Brief - The answer must be every line of the data that holds the word "Buzzer".

Dataset records -
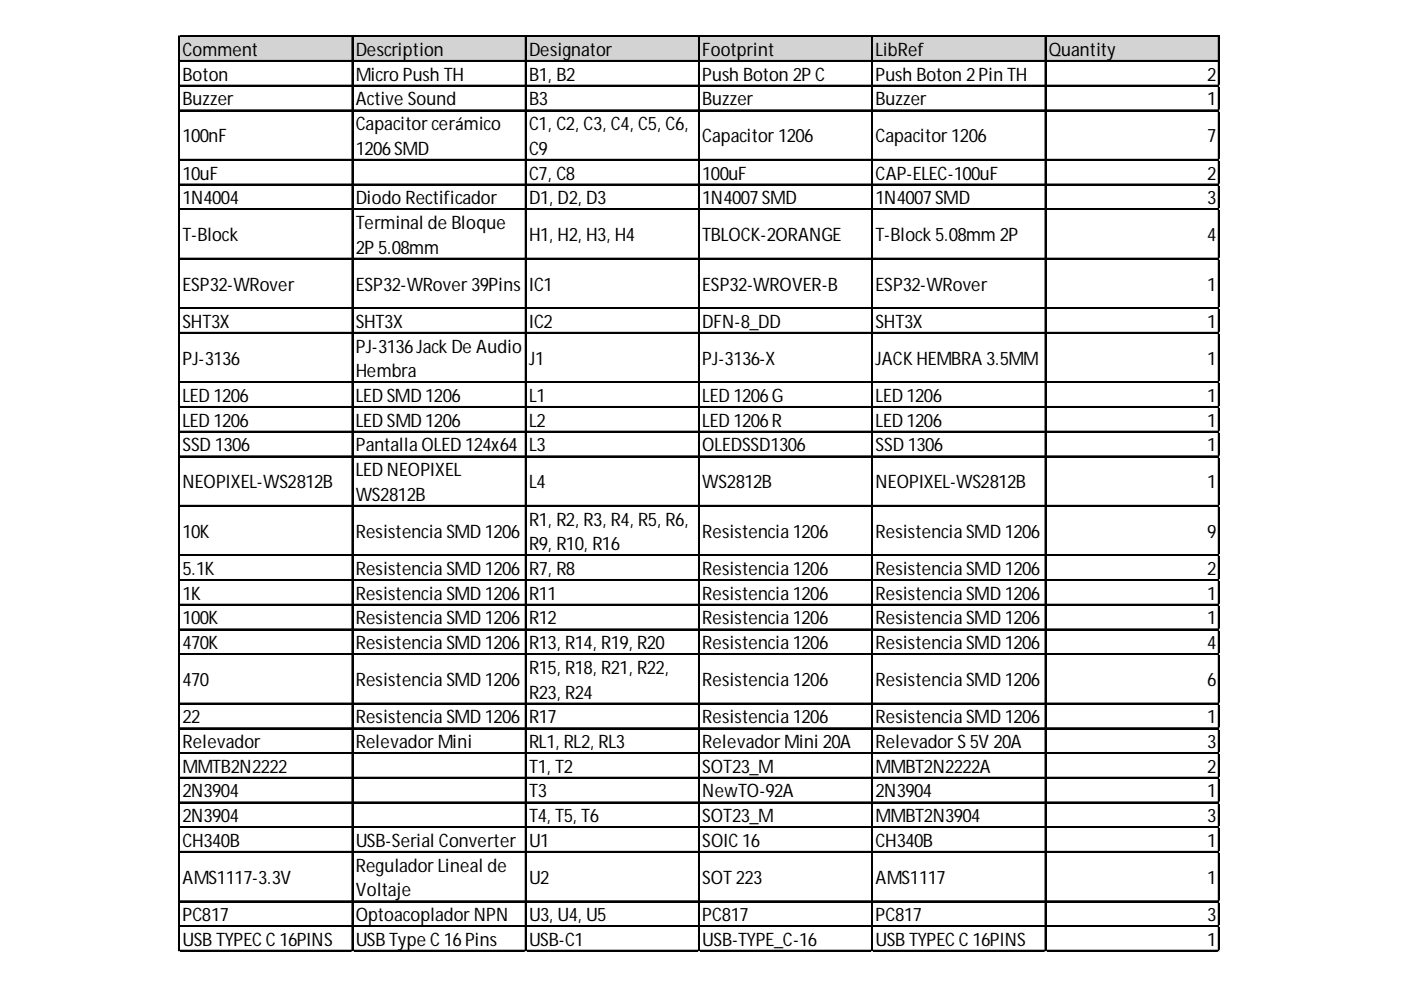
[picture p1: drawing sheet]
<svg xmlns="http://www.w3.org/2000/svg" width="297mm" height="210mm" viewBox="0 0 297 210" stroke-linecap="round" stroke-linejoin="round" font-family="sans-serif">
<defs><g id="words">
<g font-size="3.9">
<text x="38.7" y="11.9">Comment</text>
<text x="75.4" y="11.9">Description</text>
<text x="112.2" y="11.9">Designator</text>
<text x="148.9" y="11.9">Footprint</text>
<text x="185.6" y="11.9">LibRef</text>
<text x="222.4" y="11.9">Quantity</text>
<text x="38.7" y="17.1">Boton</text>
<text x="75.4" y="17.1">Micro Push TH</text>
<text x="112.2" y="17.1">B1, B2</text>
<text x="148.9" y="17.1">Push Boton 2PC</text>
<text x="185.6" y="17.1">Push Boton 2Pin TH</text>
<text x="256" y="17.1">2</text>
<text x="38.7" y="22.3">Buzzer</text>
<text x="75.4" y="22.3">Active Sound</text>
<text x="112.2" y="22.3">B3</text>
<text x="148.9" y="22.3">Buzzer</text>
<text x="185.6" y="22.3">Buzzer</text>
<text x="256" y="22.3">1</text>
<text x="75.4" y="27.6">Capacitorcerámico</text>
<text x="112.2" y="27.6">C1, C2, C3, C4, C5, C6,</text>
<text x="38.7" y="30.2">100nF</text>
<text x="75.4" y="32.8">1206SMD</text>
<text x="112.2" y="32.8">C9</text>
<text x="148.9" y="30.2">Capacitor1206</text>
<text x="185.6" y="30.2">Capacitor1206</text>
<text x="256" y="30.2">7</text>
<text x="38.7" y="38.1">10uF</text>
<text x="112.2" y="38.1">C7, C8</text>
<text x="148.9" y="38.1">100uF</text>
<text x="185.6" y="38.1">CAP-ELEC-100uF</text>
<text x="256" y="38.1">2</text>
<text x="38.7" y="43.3">1N4004</text>
<text x="75.4" y="43.3">Diodo Rectificador</text>
<text x="112.2" y="43.3">D1, D2, D3</text>
<text x="148.9" y="43.3">1N4007SMD</text>
<text x="185.6" y="43.3">1N4007SMD</text>
<text x="256" y="43.3">3</text>
<text x="38.7" y="51.2">T-Block</text>
<text x="75.4" y="48.5">Terminal de Bloque</text>
<text x="75.4" y="53.8">2P5.08mm</text>
<text x="112.2" y="51.2">H1, H2, H3, H4</text>
<text x="148.9" y="51.2">TBLOCK-2ORANGE</text>
<text x="185.6" y="51.2">T-Block5.08mm 2P</text>
<text x="256" y="51.2">4</text>
<text x="38.7" y="61.6">ESP32-WRover</text>
<text x="75.4" y="61.6">ESP32-WRover39Pins</text>
<text x="112.2" y="61.6">IC1</text>
<text x="148.9" y="61.6">ESP32-WROVER-B</text>
<text x="185.6" y="61.6">ESP32-WRover</text>
<text x="256" y="61.6">1</text>
<text x="38.7" y="69.5">SHT3X</text>
<text x="75.4" y="69.5">SHT3X</text>
<text x="112.2" y="69.5">IC2</text>
<text x="148.9" y="69.5">DFN-8_DD</text>
<text x="185.6" y="69.5">SHT3X</text>
<text x="256" y="69.5">1</text>
<text x="38.7" y="77.4">PJ-3136</text>
<text x="75.4" y="74.7">PJ-3136JackDe Audio</text>
<text x="112.2" y="77.4">J1</text>
<text x="148.9" y="77.4">PJ-3136-X</text>
<text x="185.6" y="77.4">JACKHEMBRA 3.5MM</text>
<text x="256" y="77.4">1</text>
<text x="75.4" y="80">Hembra</text>
<text x="38.7" y="85.2">LED 1206</text>
<text x="75.4" y="85.2">LED SMD 1206</text>
<text x="112.2" y="85.2">L1</text>
<text x="148.9" y="85.2">LED 1206G</text>
<text x="185.6" y="85.2">LED 1206</text>
<text x="256" y="85.2">1</text>
<text x="38.7" y="90.5">LED 1206</text>
<text x="38.7" y="95.7">SSD 1306</text>
<text x="75.4" y="90.5">LED SMD 1206</text>
<text x="75.4" y="95.7">Pantalla OLED 124x64</text>
<text x="112.2" y="90.5">L2</text>
<text x="112.2" y="95.7">L3</text>
<text x="148.9" y="90.5">LED 1206R</text>
<text x="148.9" y="95.7">OLEDSSD1306</text>
<text x="185.6" y="90.5">LED 1206</text>
<text x="185.6" y="95.7">SSD 1306</text>
<text x="256" y="90.5">1</text>
<text x="256" y="95.7">1</text>
<text x="75.4" y="100.9">LED NEOPIXEL</text>
<text x="38.7" y="103.6">NEOPIXEL-WS2812B</text>
<text x="75.4" y="106.2">WS2812B</text>
<text x="112.2" y="103.6">L4</text>
<text x="148.9" y="103.6">WS2812B</text>
<text x="185.6" y="103.6">NEOPIXEL-WS2812B</text>
<text x="256" y="103.6">1</text>
<text x="112.2" y="111.4">R1, R2, R3, R4, R5, R6,</text>
<text x="38.7" y="114.1">10K</text>
<text x="75.4" y="114.1">Resistencia SMD 1206</text>
<text x="112.2" y="116.7">R9, R10, R16</text>
<text x="148.9" y="114.1">Resistencia 1206</text>
<text x="185.6" y="114.1">Resistencia SMD 1206</text>
<text x="256" y="114.1">9</text>
<text x="38.7" y="121.9">5.1K</text>
<text x="75.4" y="121.9">Resistencia SMD 1206</text>
<text x="112.2" y="121.9">R7, R8</text>
<text x="148.9" y="121.9">Resistencia 1206</text>
<text x="185.6" y="121.9">Resistencia SMD 1206</text>
<text x="256" y="121.9">2</text>
<text x="38.7" y="127.2">1K</text>
<text x="75.4" y="127.2">Resistencia SMD 1206</text>
<text x="112.2" y="127.2">R11</text>
<text x="148.9" y="127.2">Resistencia 1206</text>
<text x="185.6" y="127.2">Resistencia SMD 1206</text>
<text x="256" y="127.2">1</text>
<text x="38.7" y="132.4">100K</text>
<text x="38.7" y="137.6">470K</text>
<text x="75.4" y="132.4">Resistencia SMD 1206</text>
<text x="75.4" y="137.6">Resistencia SMD 1206</text>
<text x="112.2" y="132.4">R12</text>
<text x="112.2" y="137.6">R13, R14, R19, R20</text>
<text x="148.9" y="132.4">Resistencia 1206</text>
<text x="148.9" y="137.6">Resistencia 1206</text>
<text x="185.6" y="132.4">Resistencia SMD 1206</text>
<text x="185.6" y="137.6">Resistencia SMD 1206</text>
<text x="256" y="132.4">1</text>
<text x="256" y="137.6">4</text>
<text x="112.2" y="142.9">R15, R18, R21, R22,</text>
<text x="38.7" y="145.5">470</text>
<text x="75.4" y="145.5">Resistencia SMD 1206</text>
<text x="112.2" y="148.1">R23, R24</text>
<text x="148.9" y="145.5">Resistencia 1206</text>
<text x="185.6" y="145.5">Resistencia SMD 1206</text>
<text x="256" y="145.5">6</text>
<text x="38.7" y="153.4">22</text>
<text x="75.4" y="153.4">Resistencia SMD 1206</text>
<text x="112.2" y="153.4">R17</text>
<text x="148.9" y="153.4">Resistencia 1206</text>
<text x="185.6" y="153.4">Resistencia SMD 1206</text>
<text x="256" y="153.4">1</text>
<text x="38.7" y="158.6">Relevador</text>
<text x="75.4" y="158.6">RelevadorMini</text>
<text x="112.2" y="158.6">RL1, RL2, RL3</text>
<text x="148.9" y="158.6">RelevadorMini 20A</text>
<text x="185.6" y="158.6">RelevadorS5V 20A</text>
<text x="256" y="158.6">3</text>
<text x="38.7" y="163.8">MMTB2N2222</text>
<text x="112.2" y="163.8">T1, T2</text>
<text x="148.9" y="163.8">SOT23_M</text>
<text x="185.6" y="163.8">MMBT2N2222A</text>
<text x="256" y="163.8">2</text>
<text x="38.7" y="169.1">2N3904</text>
<text x="112.2" y="169.1">T3</text>
<text x="148.9" y="169.1">NewTO-92A</text>
<text x="185.6" y="169.1">2N3904</text>
<text x="256" y="169.1">1</text>
<text x="38.7" y="174.3">2N3904</text>
<text x="38.7" y="179.6">CH340B</text>
<text x="75.4" y="179.6">USB-Serial Converter</text>
<text x="112.2" y="174.3">T4, T5, T6</text>
<text x="112.2" y="179.6">U1</text>
<text x="148.9" y="174.3">SOT23_M</text>
<text x="148.9" y="179.6">SOIC16</text>
<text x="185.6" y="174.3">MMBT2N3904</text>
<text x="185.6" y="179.6">CH340B</text>
<text x="256" y="174.3">3</text>
<text x="256" y="179.6">1</text>
<text x="75.4" y="184.8">ReguladorLineal de</text>
<text x="38.7" y="187.4">AMS1117-3.3V</text>
<text x="75.4" y="190">Voltaje</text>
<text x="112.2" y="187.4">U2</text>
<text x="148.9" y="187.4">SOT223</text>
<text x="185.6" y="187.4">AMS1117</text>
<text x="256" y="187.4">1</text>
<text x="38.7" y="195.3">PC817</text>
<text x="75.4" y="195.3">OptoacopladorNPN</text>
<text x="112.2" y="195.3">U3, U4, U5</text>
<text x="148.9" y="195.3">PC817</text>
<text x="185.6" y="195.3">PC817</text>
<text x="256" y="195.3">3</text>
<text x="38.7" y="200.5">USBTYPECC16PINS</text>
<text x="75.4" y="200.5">USBType C16Pins</text>
<text x="112.2" y="200.5">USB-C1</text>
<text x="148.9" y="200.5">USB-TYPE_C-16</text>
<text x="185.6" y="200.5">USBTYPECC16PINS</text>
<text x="256" y="200.5">1</text>
</g>
</g></defs>
<path d="M38.1 7.8h220.5v5.3h-220.5z" fill="#d3d3d3"/>
<g fill="none" stroke="#000" stroke-width=".26">
<path d="M37.9 7.6v194.2M38 7.6v194.2M38.2 7.6h220.4M38.2 7.7h220.4M38.2 12.8h220.4M38.2 13h220.4M38.2 18.1h220.4M38.2 18.2h220.4M74.6 7.9v193.9M74.8 7.9v193.9M111.4 7.9v193.9M111.5 7.9v193.9"/>
<path d="M148.1 7.9v193.9M148.2 7.9v193.9M184.9 7.9v193.9M185 7.9v193.9M221.6 7.9v193.9M221.7 7.9v193.9M258.3 7.9v193.9M258.5 7.9v193.9M38.2 23.3h220.4M38.2 23.4h220.4M38.2 33.8h220.4M38.2 33.9h220.4"/>
<path d="M38.2 39h220.4M38.2 39.2h220.4M38.2 44.3h220.4M38.2 44.4h220.4M38.2 54.8h220.4M38.2 54.9h220.4M38.2 65.2h220.4M38.2 65.4h220.4M38.2 70.5h220.4M38.2 70.6h220.4M38.2 81h220.4M38.2 81.1h220.4"/>
<path d="M38.2 86.2h220.4M38.2 86.3h220.4M38.2 91.4h220.4M38.2 91.6h220.4M38.2 96.7h220.4M38.2 96.8h220.4M38.2 107.2h220.4M38.2 107.3h220.4M38.2 117.6h220.4M38.2 117.8h220.4M38.2 122.9h220.4M38.2 123h220.4"/>
<path d="M38.2 128.1h220.4M38.2 128.3h220.4M38.2 133.4h220.4M38.2 133.5h220.4M38.2 138.6h220.4M38.2 138.7h220.4M38.2 149.1h220.4M38.2 149.2h220.4M38.2 154.3h220.4M38.2 154.5h220.4M38.2 159.6h220.4M38.2 159.7h220.4"/>
<path d="M38.2 164.8h220.4M38.2 164.9h220.4M38.2 170.1h220.4M38.2 170.2h220.4M38.2 175.3h220.4M38.2 175.4h220.4M38.2 180.5h220.4M38.2 180.7h220.4M38.2 191h220.4M38.2 191.1h220.4M38.2 196.3h220.4M38.2 196.4h220.4"/>
<path d="M38.2 201.5h220.4M38.2 201.6h220.4"/>
</g>
<path d="M37.9 201.8h.1" fill="none" stroke="#d4d4d4" stroke-width=".26"/>
<path d="M37.9 201.8h.3z" fill="#d4d4d4"/>
<path d="M74.6 201.8h.1" fill="none" stroke="#d4d4d4" stroke-width=".26"/>
<path d="M74.6 201.8h.3z" fill="#d4d4d4"/>
<path d="M111.4 201.8h.1" fill="none" stroke="#d4d4d4" stroke-width=".26"/>
<path d="M111.4 201.8h.2z" fill="#d4d4d4"/>
<path d="M148.1 201.8h.1" fill="none" stroke="#d4d4d4" stroke-width=".26"/>
<path d="M148.1 201.8h.3z" fill="#d4d4d4"/>
<path d="M184.9 201.8h.1" fill="none" stroke="#d4d4d4" stroke-width=".26"/>
<path d="M184.9 201.8h.2z" fill="#d4d4d4"/>
<path d="M221.6 201.8h.1" fill="none" stroke="#d4d4d4" stroke-width=".26"/>
<path d="M221.6 201.8h.3z" fill="#d4d4d4"/>
<path d="M258.3 201.8h.1" fill="none" stroke="#d4d4d4" stroke-width=".26"/>
<path d="M258.3 201.8h.3z" fill="#d4d4d4"/>
<path d="M258.6 18.1h.1" fill="none" stroke="#d4d4d4" stroke-width=".26"/>
<path d="M258.6 18.1v.2z" fill="#d4d4d4"/>
<path d="M258.6 23.3h.1" fill="none" stroke="#d4d4d4" stroke-width=".26"/>
<path d="M258.6 23.3v.3z" fill="#d4d4d4"/>
<path d="M258.6 33.8h.1" fill="none" stroke="#d4d4d4" stroke-width=".26"/>
<path d="M258.6 33.8v.3z" fill="#d4d4d4"/>
<path d="M258.6 39h.1" fill="none" stroke="#d4d4d4" stroke-width=".26"/>
<path d="M258.6 39v.3z" fill="#d4d4d4"/>
<path d="M258.6 44.3h.1" fill="none" stroke="#d4d4d4" stroke-width=".26"/>
<path d="M258.6 44.3v.2z" fill="#d4d4d4"/>
<path d="M258.6 54.8h.1" fill="none" stroke="#d4d4d4" stroke-width=".26"/>
<path d="M258.6 54.8v.2z" fill="#d4d4d4"/>
<path d="M258.6 65.2h.1" fill="none" stroke="#d4d4d4" stroke-width=".26"/>
<path d="M258.6 65.2v.3z" fill="#d4d4d4"/>
<path d="M258.6 70.5h.1" fill="none" stroke="#d4d4d4" stroke-width=".26"/>
<path d="M258.6 70.5v.2z" fill="#d4d4d4"/>
<path d="M258.6 81h.1" fill="none" stroke="#d4d4d4" stroke-width=".26"/>
<path d="M258.6 81v.2z" fill="#d4d4d4"/>
<path d="M258.6 86.2h.1" fill="none" stroke="#d4d4d4" stroke-width=".26"/>
<path d="M258.6 86.2v.3z" fill="#d4d4d4"/>
<path d="M258.6 91.4h.1" fill="none" stroke="#d4d4d4" stroke-width=".26"/>
<path d="M258.6 91.4v.3z" fill="#d4d4d4"/>
<path d="M258.6 96.7h.1" fill="none" stroke="#d4d4d4" stroke-width=".26"/>
<path d="M258.6 96.7v.2z" fill="#d4d4d4"/>
<path d="M258.6 107.2h.1" fill="none" stroke="#d4d4d4" stroke-width=".26"/>
<path d="M258.6 107.2v.2z" fill="#d4d4d4"/>
<path d="M258.6 117.6h.1" fill="none" stroke="#d4d4d4" stroke-width=".26"/>
<path d="M258.6 117.6v.3z" fill="#d4d4d4"/>
<path d="M258.6 122.9h.1" fill="none" stroke="#d4d4d4" stroke-width=".26"/>
<path d="M258.6 122.9v.2z" fill="#d4d4d4"/>
<path d="M258.6 128.1h.1" fill="none" stroke="#d4d4d4" stroke-width=".26"/>
<path d="M258.6 128.1v.3z" fill="#d4d4d4"/>
<path d="M258.6 133.4h.1" fill="none" stroke="#d4d4d4" stroke-width=".26"/>
<path d="M258.6 133.4v.2z" fill="#d4d4d4"/>
<path d="M258.6 138.6h.1" fill="none" stroke="#d4d4d4" stroke-width=".26"/>
<path d="M258.6 138.6v.3z" fill="#d4d4d4"/>
<path d="M258.6 149.1h.1" fill="none" stroke="#d4d4d4" stroke-width=".26"/>
<path d="M258.6 149.1v.3z" fill="#d4d4d4"/>
<path d="M258.6 154.3h.1" fill="none" stroke="#d4d4d4" stroke-width=".26"/>
<path d="M258.6 154.3v.3z" fill="#d4d4d4"/>
<path d="M258.6 159.6h.1" fill="none" stroke="#d4d4d4" stroke-width=".26"/>
<path d="M258.6 159.6v.2z" fill="#d4d4d4"/>
<path d="M258.6 164.8h.1" fill="none" stroke="#d4d4d4" stroke-width=".26"/>
<path d="M258.6 164.8v.3z" fill="#d4d4d4"/>
<path d="M258.6 170.1h.1" fill="none" stroke="#d4d4d4" stroke-width=".26"/>
<path d="M258.6 170.1v.2z" fill="#d4d4d4"/>
<path d="M258.6 175.3h.1" fill="none" stroke="#d4d4d4" stroke-width=".26"/>
<path d="M258.6 175.3v.3z" fill="#d4d4d4"/>
<path d="M258.6 180.5h.1" fill="none" stroke="#d4d4d4" stroke-width=".26"/>
<path d="M258.6 180.5v.3z" fill="#d4d4d4"/>
<path d="M258.6 191h.1" fill="none" stroke="#d4d4d4" stroke-width=".26"/>
<path d="M258.6 191v.3z" fill="#d4d4d4"/>
<path d="M258.6 196.3h.1" fill="none" stroke="#d4d4d4" stroke-width=".26"/>
<path d="M258.6 196.3v.2z" fill="#d4d4d4"/>
<path d="M258.6 201.5h.1" fill="none" stroke="#d4d4d4" stroke-width=".26"/>
<path d="M258.6 201.5v.3z" fill="#d4d4d4"/>
<use href="#words"/>
</svg>

Exercise solution -
<text x="38.7" y="22.3">Buzzer</text>
<text x="148.9" y="22.3">Buzzer</text>
<text x="185.6" y="22.3">Buzzer</text>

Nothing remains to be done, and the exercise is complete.